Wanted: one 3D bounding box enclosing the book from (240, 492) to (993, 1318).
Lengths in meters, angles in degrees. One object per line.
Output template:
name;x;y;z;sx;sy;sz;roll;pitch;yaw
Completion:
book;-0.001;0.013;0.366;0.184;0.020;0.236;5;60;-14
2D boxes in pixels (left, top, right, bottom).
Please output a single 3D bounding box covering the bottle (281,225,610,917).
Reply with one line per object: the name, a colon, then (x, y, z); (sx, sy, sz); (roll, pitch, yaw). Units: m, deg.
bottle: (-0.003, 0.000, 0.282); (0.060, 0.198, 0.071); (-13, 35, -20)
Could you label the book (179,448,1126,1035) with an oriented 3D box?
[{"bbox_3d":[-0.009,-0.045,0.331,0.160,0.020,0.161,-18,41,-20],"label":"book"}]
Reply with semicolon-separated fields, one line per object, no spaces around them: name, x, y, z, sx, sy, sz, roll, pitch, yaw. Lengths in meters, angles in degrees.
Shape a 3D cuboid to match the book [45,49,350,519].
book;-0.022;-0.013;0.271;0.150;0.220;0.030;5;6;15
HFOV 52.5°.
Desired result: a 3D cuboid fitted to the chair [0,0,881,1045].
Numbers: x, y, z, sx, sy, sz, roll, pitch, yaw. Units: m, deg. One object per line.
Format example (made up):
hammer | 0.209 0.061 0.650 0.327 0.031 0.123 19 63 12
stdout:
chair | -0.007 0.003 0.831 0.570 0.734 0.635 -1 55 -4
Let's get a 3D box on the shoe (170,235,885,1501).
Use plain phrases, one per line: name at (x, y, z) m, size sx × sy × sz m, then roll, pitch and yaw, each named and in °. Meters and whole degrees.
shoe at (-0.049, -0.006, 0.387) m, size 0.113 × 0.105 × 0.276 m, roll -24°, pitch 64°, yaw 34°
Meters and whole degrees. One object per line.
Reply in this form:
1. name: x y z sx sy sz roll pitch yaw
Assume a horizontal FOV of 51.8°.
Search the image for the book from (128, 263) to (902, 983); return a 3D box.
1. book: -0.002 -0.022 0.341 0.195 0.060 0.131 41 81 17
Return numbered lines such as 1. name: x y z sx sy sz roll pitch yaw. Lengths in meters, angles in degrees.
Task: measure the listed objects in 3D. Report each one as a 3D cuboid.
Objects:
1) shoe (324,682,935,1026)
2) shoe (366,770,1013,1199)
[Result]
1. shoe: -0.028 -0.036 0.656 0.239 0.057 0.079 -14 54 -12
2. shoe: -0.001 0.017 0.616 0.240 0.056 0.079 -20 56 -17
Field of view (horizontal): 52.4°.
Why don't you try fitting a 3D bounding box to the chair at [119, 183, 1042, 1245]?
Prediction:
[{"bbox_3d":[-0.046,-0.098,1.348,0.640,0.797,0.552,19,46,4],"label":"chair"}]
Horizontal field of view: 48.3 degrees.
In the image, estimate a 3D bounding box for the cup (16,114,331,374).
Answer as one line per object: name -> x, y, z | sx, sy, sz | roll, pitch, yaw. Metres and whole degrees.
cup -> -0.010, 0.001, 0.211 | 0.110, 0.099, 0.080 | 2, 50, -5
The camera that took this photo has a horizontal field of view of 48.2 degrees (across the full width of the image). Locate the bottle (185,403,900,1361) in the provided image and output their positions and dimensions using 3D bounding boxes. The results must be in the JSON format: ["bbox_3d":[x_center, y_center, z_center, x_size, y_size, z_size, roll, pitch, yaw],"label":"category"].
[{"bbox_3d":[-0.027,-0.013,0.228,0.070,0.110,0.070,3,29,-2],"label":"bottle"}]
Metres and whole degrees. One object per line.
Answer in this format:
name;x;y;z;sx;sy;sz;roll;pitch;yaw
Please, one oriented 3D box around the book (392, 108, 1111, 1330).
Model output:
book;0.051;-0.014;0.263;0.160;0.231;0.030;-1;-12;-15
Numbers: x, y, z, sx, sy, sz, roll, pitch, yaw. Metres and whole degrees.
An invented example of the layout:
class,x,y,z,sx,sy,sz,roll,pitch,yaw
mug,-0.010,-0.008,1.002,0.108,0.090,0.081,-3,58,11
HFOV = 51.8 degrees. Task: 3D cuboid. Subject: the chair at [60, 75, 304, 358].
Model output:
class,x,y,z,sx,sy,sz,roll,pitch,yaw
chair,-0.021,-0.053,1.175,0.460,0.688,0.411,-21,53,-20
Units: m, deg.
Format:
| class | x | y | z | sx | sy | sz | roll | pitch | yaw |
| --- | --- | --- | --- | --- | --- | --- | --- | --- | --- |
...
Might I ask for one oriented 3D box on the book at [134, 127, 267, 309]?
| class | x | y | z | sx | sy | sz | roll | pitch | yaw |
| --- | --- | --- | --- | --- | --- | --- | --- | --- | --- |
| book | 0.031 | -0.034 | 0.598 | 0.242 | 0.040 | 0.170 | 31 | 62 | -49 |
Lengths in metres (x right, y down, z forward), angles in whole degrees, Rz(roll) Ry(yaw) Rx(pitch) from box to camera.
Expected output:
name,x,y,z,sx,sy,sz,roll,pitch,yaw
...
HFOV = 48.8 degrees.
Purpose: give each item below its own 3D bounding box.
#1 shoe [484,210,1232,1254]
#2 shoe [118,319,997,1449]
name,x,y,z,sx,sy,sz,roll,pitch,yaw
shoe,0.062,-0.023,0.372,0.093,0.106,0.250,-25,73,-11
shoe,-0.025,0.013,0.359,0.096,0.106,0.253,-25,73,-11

-----

• WHAT IS BEING ASKED: From the entries above, extract only the lines running from the one containing "Return numbered lines" through the one containing "2) shoe (366,770,1013,1199)", inclusive.

• REPLY TO THE TASK:
Return numbered lines such as 1. name: x y z sx sy sz roll pitch yaw. Lengths in meters, angles in degrees.
Task: measure the listed objects in 3D. Report each one as a 3D cuboid.
Objects:
1) shoe (324,682,935,1026)
2) shoe (366,770,1013,1199)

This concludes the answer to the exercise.